Health Tip – Jan. 31 – Music, Theater, Art and Good Health
If you’re a culture vulture – if you paint, dance, play the guitar (or another musical instrument) and appreciate the arts – a Norwegian study suggests that you’re better off physically and psychologically. Cultured citizens there are healthier and less inclined to be depressed than those who don’t dab paint on canvas, dance, or make music. As a matter of fact, the study found that those who simply attend concerts or the theater are healthier and less depressed than those who don’t.
The investigators reached their conclusion after assembling health profiles of more than 48,000 men and women and also collecting blood and urine samples from the participants. They reported that they found less depression among men who engaged in cultural activities, but the data didn’t show less depression among women. Surprisingly, the results held true regardless of the socio-economic status of the group studied – cultural activities had an overall positive effect on an individual’s sense of health and well-being.
The lead investigator said that the health link to cultural activities isn’t strong enough to say that culture actually makes people healthy, but offers some insight on how to think about risk.

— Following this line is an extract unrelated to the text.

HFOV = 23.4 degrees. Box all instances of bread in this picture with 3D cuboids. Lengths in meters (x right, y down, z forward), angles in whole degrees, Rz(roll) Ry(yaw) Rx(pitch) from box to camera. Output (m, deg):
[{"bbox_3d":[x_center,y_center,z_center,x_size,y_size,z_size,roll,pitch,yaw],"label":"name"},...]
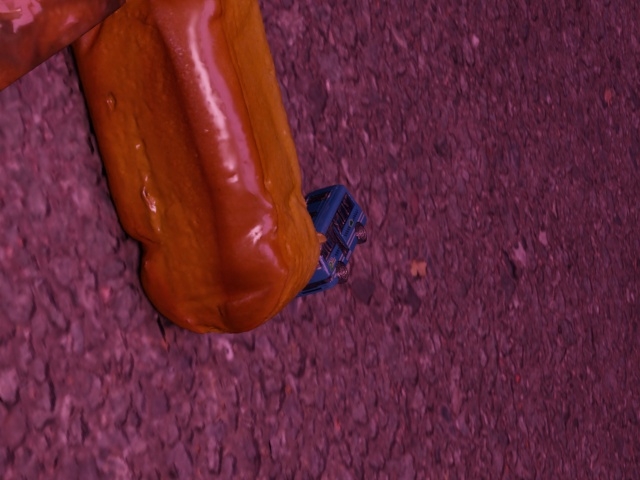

The findings have not yet been published but were presented at a Norwegian health conference in November, 2009.
This interesting study isn’t the first to see a link between culture and health. We’ve known for some time that music can have a powerful effect on mind and body. Hospitals use music therapy to ease pain, boost patients’ moods and counteract depression, and music therapy stimulates nursing home residents and improves the moods of psychiatric patients.
viewing art is a wonderful way to raise your spirits. Paintings, sculpture, architecture and other forms of art can please the senses and nourish your nonphysical being. They can also inspire creativity and excitement, and can be savored as a tangible expression of history.
Going to the theater is just one of the stimulating habits that can keep your mind active and may help reduce the risk of Alzheimer’s disease.